Stage 2 consumes the most energy, since it is necessary to supply the gas with all of the energy that corresponds to its latent heat of vaporization. Stage 1 consumes a little less energy, and stage 3 consumes least energy, but it takes place at the lowest temperatures, i.e. at temperatures around −165° C.
The values given above for T1, T2, and T3 are appropriate for a natural gas comprising 85% methane and 15% of said other components comprising nitrogen and C-2 to C-4 alkanes, and those temperatures may be significantly different for a gas having a different composition.
FIG. 1 is a diagram of an installation for performing a standard process for liquefying natural gas using a refrigerant gas constituted by nitrogen without a change of phase in the refrigerant gas, as described above, with the process being described in greater detail below.

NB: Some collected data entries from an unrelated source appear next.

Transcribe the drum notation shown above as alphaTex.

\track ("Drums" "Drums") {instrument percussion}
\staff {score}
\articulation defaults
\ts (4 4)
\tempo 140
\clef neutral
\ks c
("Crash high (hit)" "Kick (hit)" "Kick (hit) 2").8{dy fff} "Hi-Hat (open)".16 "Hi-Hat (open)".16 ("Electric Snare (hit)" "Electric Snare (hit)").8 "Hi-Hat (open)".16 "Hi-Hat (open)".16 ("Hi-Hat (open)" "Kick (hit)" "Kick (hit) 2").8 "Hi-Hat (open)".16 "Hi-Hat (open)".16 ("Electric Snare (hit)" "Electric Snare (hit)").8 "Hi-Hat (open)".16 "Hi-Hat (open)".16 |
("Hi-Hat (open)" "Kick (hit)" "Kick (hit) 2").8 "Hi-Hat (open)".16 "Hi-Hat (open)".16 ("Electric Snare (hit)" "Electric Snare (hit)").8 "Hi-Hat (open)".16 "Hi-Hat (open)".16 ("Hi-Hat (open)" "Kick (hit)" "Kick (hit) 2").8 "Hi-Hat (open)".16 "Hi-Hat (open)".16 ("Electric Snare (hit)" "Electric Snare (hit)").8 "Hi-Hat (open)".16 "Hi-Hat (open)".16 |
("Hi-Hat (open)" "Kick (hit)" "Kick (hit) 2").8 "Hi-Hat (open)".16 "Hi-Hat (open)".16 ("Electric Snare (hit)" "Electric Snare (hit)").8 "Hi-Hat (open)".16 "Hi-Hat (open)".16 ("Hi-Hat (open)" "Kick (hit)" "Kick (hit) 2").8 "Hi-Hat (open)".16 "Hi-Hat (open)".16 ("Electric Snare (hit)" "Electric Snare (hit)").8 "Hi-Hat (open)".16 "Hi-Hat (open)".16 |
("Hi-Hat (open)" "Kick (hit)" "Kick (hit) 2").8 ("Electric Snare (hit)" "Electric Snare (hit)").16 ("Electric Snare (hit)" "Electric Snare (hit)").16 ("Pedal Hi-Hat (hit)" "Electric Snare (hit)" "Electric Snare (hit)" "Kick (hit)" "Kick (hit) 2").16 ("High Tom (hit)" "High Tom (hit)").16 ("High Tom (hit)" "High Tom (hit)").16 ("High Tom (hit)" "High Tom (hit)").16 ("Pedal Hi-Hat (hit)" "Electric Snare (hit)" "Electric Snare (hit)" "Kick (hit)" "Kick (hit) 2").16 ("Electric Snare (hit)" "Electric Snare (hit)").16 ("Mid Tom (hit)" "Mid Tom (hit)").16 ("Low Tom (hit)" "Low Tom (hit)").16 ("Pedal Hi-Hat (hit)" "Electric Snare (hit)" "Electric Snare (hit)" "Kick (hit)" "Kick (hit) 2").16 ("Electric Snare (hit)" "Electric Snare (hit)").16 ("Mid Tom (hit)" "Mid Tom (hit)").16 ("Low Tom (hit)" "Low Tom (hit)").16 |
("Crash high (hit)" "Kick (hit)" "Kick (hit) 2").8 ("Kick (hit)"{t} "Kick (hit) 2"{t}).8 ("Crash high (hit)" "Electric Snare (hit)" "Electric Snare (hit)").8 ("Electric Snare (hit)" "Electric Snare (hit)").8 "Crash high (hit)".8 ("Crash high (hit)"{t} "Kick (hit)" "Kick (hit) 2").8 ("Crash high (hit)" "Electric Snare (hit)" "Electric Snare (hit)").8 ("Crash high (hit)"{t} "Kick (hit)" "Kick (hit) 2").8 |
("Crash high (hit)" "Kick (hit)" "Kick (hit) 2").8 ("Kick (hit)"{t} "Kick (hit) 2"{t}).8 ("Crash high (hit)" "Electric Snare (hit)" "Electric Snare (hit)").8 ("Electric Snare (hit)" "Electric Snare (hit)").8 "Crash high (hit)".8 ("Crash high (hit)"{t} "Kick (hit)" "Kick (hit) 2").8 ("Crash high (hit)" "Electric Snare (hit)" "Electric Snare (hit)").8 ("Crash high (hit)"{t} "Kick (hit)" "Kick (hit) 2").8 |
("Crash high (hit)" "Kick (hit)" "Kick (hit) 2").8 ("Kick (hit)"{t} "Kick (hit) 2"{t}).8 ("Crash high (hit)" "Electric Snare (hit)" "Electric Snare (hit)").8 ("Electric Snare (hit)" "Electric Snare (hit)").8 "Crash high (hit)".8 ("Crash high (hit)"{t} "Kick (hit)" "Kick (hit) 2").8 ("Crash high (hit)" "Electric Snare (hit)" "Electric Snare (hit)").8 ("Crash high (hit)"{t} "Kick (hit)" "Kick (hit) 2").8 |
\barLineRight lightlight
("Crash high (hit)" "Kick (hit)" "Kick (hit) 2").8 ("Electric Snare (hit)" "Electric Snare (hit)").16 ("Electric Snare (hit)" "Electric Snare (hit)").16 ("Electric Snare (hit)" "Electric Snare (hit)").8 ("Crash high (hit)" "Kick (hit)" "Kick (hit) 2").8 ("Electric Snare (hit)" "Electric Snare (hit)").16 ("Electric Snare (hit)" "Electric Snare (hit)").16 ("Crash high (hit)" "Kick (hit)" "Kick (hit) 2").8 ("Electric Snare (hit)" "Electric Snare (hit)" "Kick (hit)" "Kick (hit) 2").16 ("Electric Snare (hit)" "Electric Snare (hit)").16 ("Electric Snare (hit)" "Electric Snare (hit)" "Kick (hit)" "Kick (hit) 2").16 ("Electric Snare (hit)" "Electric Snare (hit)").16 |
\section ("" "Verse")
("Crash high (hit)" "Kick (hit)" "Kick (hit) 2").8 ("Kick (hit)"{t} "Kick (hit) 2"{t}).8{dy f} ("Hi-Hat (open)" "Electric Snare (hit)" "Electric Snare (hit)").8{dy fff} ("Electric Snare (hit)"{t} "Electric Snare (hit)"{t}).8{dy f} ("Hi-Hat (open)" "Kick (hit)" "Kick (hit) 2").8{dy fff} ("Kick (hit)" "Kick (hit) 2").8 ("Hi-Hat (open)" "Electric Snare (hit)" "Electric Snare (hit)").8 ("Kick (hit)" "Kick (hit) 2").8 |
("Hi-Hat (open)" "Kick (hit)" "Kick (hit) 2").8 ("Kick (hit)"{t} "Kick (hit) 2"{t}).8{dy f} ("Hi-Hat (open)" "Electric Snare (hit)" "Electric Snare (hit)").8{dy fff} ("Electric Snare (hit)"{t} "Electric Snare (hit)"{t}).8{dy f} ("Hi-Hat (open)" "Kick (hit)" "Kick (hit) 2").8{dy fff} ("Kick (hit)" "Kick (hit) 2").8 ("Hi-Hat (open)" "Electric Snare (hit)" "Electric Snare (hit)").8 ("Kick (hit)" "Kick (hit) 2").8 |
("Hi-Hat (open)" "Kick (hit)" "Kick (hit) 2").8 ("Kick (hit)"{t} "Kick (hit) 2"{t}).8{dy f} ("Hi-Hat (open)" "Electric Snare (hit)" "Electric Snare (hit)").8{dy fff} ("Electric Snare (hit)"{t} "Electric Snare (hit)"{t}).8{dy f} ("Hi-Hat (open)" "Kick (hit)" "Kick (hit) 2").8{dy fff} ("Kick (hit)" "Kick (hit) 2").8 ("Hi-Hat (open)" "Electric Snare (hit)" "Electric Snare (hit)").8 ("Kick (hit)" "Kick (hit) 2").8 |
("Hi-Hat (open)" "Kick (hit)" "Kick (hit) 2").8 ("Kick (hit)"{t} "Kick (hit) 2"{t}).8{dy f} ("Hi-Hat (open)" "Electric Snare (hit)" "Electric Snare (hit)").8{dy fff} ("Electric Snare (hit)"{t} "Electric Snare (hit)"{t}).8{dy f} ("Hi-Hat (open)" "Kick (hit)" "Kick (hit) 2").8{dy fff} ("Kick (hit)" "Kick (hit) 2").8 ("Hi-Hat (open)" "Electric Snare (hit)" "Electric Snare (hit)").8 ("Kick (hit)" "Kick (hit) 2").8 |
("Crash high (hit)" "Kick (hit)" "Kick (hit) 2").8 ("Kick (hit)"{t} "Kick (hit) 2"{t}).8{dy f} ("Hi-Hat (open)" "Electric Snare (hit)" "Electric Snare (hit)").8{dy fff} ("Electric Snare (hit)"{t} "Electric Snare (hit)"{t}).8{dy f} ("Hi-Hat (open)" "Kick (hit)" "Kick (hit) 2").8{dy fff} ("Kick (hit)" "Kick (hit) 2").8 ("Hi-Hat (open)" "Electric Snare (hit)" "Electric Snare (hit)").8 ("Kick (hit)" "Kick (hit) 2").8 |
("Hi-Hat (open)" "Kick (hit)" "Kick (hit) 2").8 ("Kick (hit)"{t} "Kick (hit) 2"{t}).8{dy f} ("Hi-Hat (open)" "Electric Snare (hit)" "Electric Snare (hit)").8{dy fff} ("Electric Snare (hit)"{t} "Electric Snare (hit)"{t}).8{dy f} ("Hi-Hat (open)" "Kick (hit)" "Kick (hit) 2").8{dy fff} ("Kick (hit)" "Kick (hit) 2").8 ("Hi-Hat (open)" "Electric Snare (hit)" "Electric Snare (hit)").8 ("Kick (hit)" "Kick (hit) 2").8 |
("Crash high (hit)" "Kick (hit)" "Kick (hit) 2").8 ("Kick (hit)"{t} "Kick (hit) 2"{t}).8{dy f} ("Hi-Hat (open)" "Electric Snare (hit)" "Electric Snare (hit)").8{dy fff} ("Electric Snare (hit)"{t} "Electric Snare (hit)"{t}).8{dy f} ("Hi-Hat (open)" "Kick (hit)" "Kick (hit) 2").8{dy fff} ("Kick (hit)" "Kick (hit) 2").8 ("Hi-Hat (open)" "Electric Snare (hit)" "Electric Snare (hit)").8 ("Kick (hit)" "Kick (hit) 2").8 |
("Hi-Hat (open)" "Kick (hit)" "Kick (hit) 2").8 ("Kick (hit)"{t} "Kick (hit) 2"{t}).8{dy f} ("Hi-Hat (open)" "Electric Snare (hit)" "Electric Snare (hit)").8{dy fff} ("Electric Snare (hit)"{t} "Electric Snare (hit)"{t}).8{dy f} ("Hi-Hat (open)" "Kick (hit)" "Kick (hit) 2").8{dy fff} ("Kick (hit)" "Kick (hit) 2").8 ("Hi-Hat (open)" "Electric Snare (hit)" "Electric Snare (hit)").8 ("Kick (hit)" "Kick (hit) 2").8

US 2011/0113825 and WO 2005/071333 describe a process for liquefying natural gas in which said natural gas for liquefying is liquefied by causing the natural gas to flow through three cryogenic heat exchangers, while causing three streams of refrigerant gas that remains in the compressed gaseous state without a change of phase to circulate in three closed circuits. Said natural gas for liquefying is liquefied by performing the following concurrent steps:
a) causing said natural gas for liquefying to flow at a pressure P0 that is higher than or equal to atmospheric pressure through the three cryogenic heat exchangers connected in series, namely:                a first heat exchanger (101/5) into which said natural gas enters at a temperature T0, is cooled, and leaves at a temperature T1 lower than T0; then        a second heat exchanger (102/6) in which the natural gas is completely liquefied and leaves at a temperature T2 lower than T1 and higher than T3, where T3 is lower than the liquefaction temperature of the LNG; and        a third heat exchanger (103/7) in which the liquefied natural gas is cooled from T2 to T3; and        
b) causing two streams of the refrigerant gas in the gaseous state at different pressures P1 and P2, referred to respectively as first and third streams, to circulate through two of said heat exchangers in indirect contact with and as a countercurrent relative to the natural gas steam, comprising:                a first refrigerant gas stream at a pressure P1 lower than P3 passing through the three heat exchangers by entering into said third heat exchanger at a temperature T3′ lower than T3, then entering said second heat exchanger at a temperature T2′ lower than T2, and then entering said first heat exchanger at T1′ lower than T1 and leaving said first heat exchanger at a temperature T0′ lower than or equal to T0, said first refrigerant gas stream at P1 and T3′ being obtained by using a first expander (112/9) to expand a first portion (122/16B) of a second refrigerant gas stream (22/15) compressed to the pressure P3 higher than P2, said first portion of the second stream flowing in indirect contact with and as a countercurrent relative to the natural gas, entering said first heat exchanger at T0 and leaving said second heat exchanger substantially at T2; and        a third stream at a pressure P2 higher than P1 and lower than P3 flowing in indirect contact with and as a countercurrent relative to said first stream, passing solely through said second and first heat exchangers, by entering said second heat exchanger substantially at a temperature T2′ and leaving said first heat exchanger at T0′, said third refrigerant gas stream at P2 and T2 being obtained by using a second expander (111/8) to expand a second portion (121/17) of said second refrigerant gas stream (22/15) leaving said first heat exchanger substantially at T1; and        
c) said second refrigerant gas stream compressed at the pressure P3 being obtained by compression in three or four compressors and by cooling said first and second refrigerant gas streams leaving said first heat exchanger respectively at P1 and at P2.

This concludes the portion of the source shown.